Special Issue Information

Dear Colleagues,

Worsening air quality is one of the major global causes of premature mortality and is the main environmental risk, claiming seven million deaths every year. Nearly all urban areas do not comply with the air quality guidelines of the World Health Organization (WHO). This health threat could be diminished by developing models to forecast air quality and inform citizens of the risks of practicing certain activities during elevated pollution episodes.

The traditional predictive approach is based on deterministic models that calculate physical processes and the transport within the atmosphere. The approach most commonly used by the community are chemical transport models (CTMs) that process the input information of emissions, transport, mixing, and chemical transformation of trace gases and aerosols simultaneously with meteorology. However, the reactions between air pollutants and influential factors are highly non-linear, leading to a very complex system of air pollutant formation mechanisms. Therefore, statistical learning (or machine learning) algorithms are increasingly used to account for the proper non-linear modelling of air contamination. Although statistical models do not explicitly simulate the environmental processes, they generally exhibit higher predictive performance than CTMs on fine spatiotemporal scales in the presence of extensive monitoring data.

Several machine learning (ML) approaches have been used in recent years to predict a set of air pollutants using different combinations of predictor parameters. However, with a growing number of studies, why a certain algorithm is chosen over another for a given task is puzzling. The objective of this Special Issue is to gather innovative research studies on ML models of air quality, in order to better understand their predictive power. We are especially interested in papers focusing on: (i) state-of-the-art algorithms (e.g., support vector machine, ensemble learning, artificial neural networks, extreme learning, deep learning, and hybrid models); (ii) models able to predict pollution peaks; (iii) the prediction of contaminants recently put in the spotlight (e.g., nanoparticles); and (iv) comparative studies between CTM-based and ML-based predictions.

Prof. Dr. Yves Rybarczyk
Prof. Dr. Rasa Zalakeviciute
Guest Editors

Manuscript Submission Information

Manuscripts should be submitted online at www.mdpi.com by registering and logging in to this website. Once you are registered, click here to go to the submission form. Manuscripts can be submitted until the deadline. All submissions that pass pre-check are peer-reviewed. Accepted papers will be published continuously in the journal (as soon as accepted) and will be listed together on the special issue website. Research articles, review articles as well as short communications are invited. For planned papers, a title and short abstract (about 100 words) can be sent to the Editorial Office for announcement on this website.

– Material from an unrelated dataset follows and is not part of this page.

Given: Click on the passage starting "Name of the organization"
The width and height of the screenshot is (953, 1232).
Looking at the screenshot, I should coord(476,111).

Submitted manuscripts should not have been published previously, nor be under consideration for publication elsewhere (except conference proceedings papers). All manuscripts are thoroughly refereed through a single-blind peer-review process. A guide for authors and other relevant information for submission of manuscripts is available on the Instructions for Authors page. Applied Sciences is an international peer-reviewed open access semimonthly journal published by MDPI.

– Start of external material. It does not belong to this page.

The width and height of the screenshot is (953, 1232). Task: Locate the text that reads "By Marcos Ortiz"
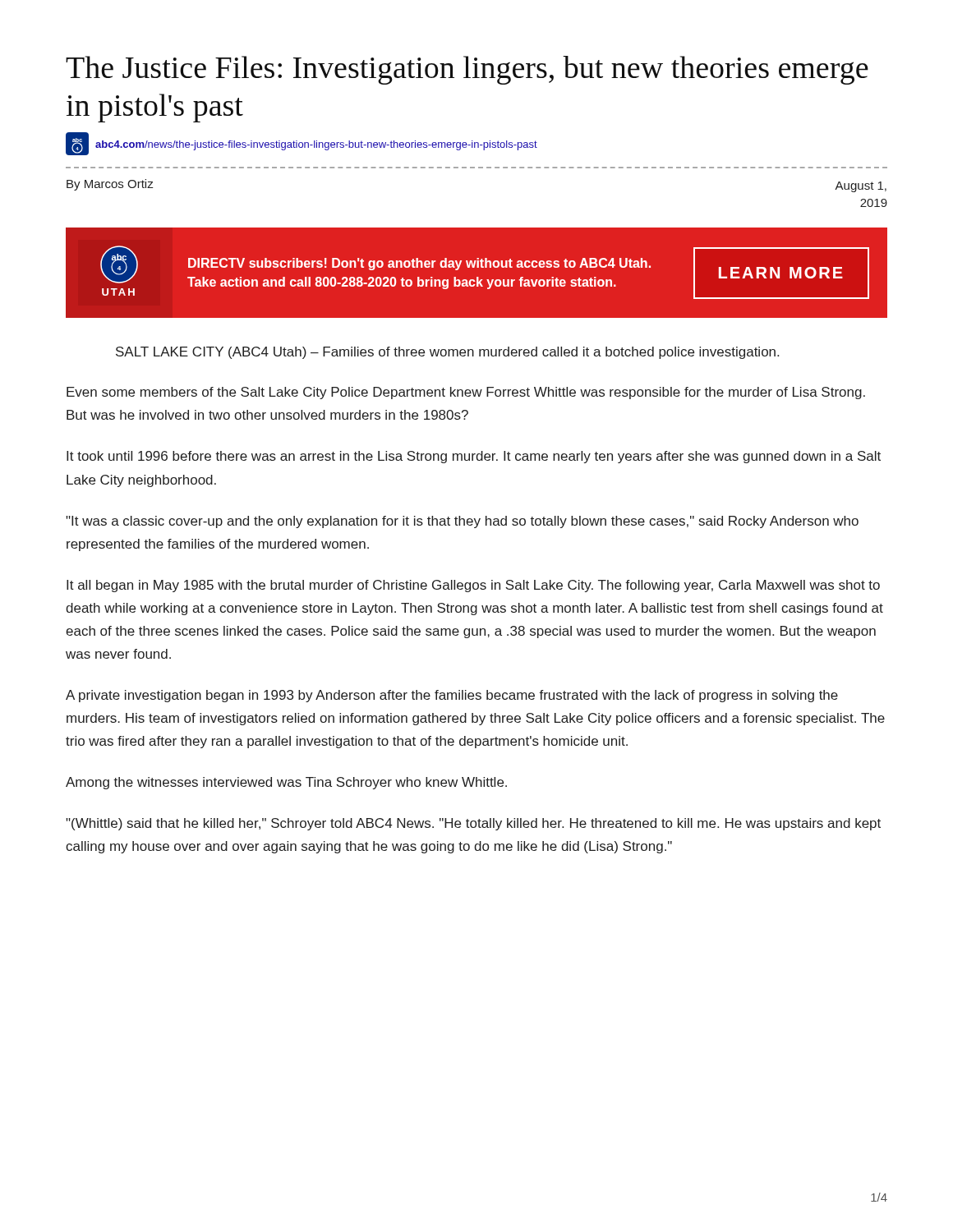[x=110, y=184]

Please visit the Instructions for Authors page before submitting a manuscript. The Article Processing Charge (APC) for publication in this open access journal is 2400 CHF (Swiss Francs). Submitted papers should be well formatted and use good English. Authors may use MDPI's English editing service prior to publication or during author revisions.

Keywords

  • Air pollution
  • Particulate matter, COx, NOx, SO2, O3
  • Prediction and forecasting
  • Statistical modeling
  • Data mining and big data
  • Support vector machine
  • Extreme and deep learning
  • Reinforcement learning
  • Hybrid models
  • Time series analysis

Published Papers (7 papers)

Order results
Result details
Select all
Export citation of selected articles as:

Research

18 pages, 10356 KiB  
Article
A Traffic-Based Method to Predict and Map Urban Air Quality
by Rasa Zalakeviciute, Marco Bastidas, Adrian Buenaño and Yves Rybarczyk
Appl. Sci. 2020, 10(6), 2035; https://doi.org/10.3390/app10062035 - 17 Mar 2020
Cited by 28 | Viewed by 3667
Abstract
As global urbanization, industrialization, and motorization keep worsening air quality, a continuous rise in health problems is projected. Limited spatial resolution of the information on air quality inhibits full comprehension of urban population exposure. Therefore, we propose a method to predict urban air [...] Read more.
As global urbanization, industrialization, and motorization keep worsening air quality, a continuous rise in health problems is projected. Limited spatial resolution of the information on air quality inhibits full comprehension of urban population exposure. Therefore, we propose a method to predict urban air pollution from traffic by extracting data from Web-based applications (Google Traffic). We apply a machine learning approach by training a decision tree algorithm (C4.8) to predict the concentration of PM2.5 during the morning pollution peak from: (i) an interpolation (inverse distance weighting) of the value registered at the monitoring stations, (ii) traffic flow, and (iii) traffic flow + time of the day. The results show that the prediction from traffic outperforms the one provided by the monitoring network (average of 65.5% for the former vs. 57% for the latter). Adding the time of day increases the accuracy by an average of 6.5%. Considering the good accuracy on different days, the proposed method seems to be robust enough to create general models able to predict air pollution from traffic conditions. This affordable method, although beneficial for any city, is particularly relevant for low-income countries, because it offers an economically sustainable technique to address air quality issues faced by the developing world. Full article
(This article belongs to the Special Issue Air Quality Prediction Based on Machine Learning Algorithms)
Show Figures

Figure 1

18 pages, 877 KiB  
Article
Bayesian Proxy Modelling for Estimating Black Carbon Concentrations using White-Box and Black-Box Models
by Martha A. Zaidan, Darren Wraith, Brandon E. Boor and Tareq Hussein
Appl. Sci. 2019, 9(22), 4976; https://doi.org/10.3390/app9224976 - 19 Nov 2019
Cited by 17 | Viewed by 3987
Abstract
Black carbon (BC) is an important component of particulate matter (PM) in urban environments. BC is typically emitted from gas and diesel engines, coal-fired power plants, and other sources that burn fossil fuel. In contrast to PM, BC measurements are not always available [...] Read more.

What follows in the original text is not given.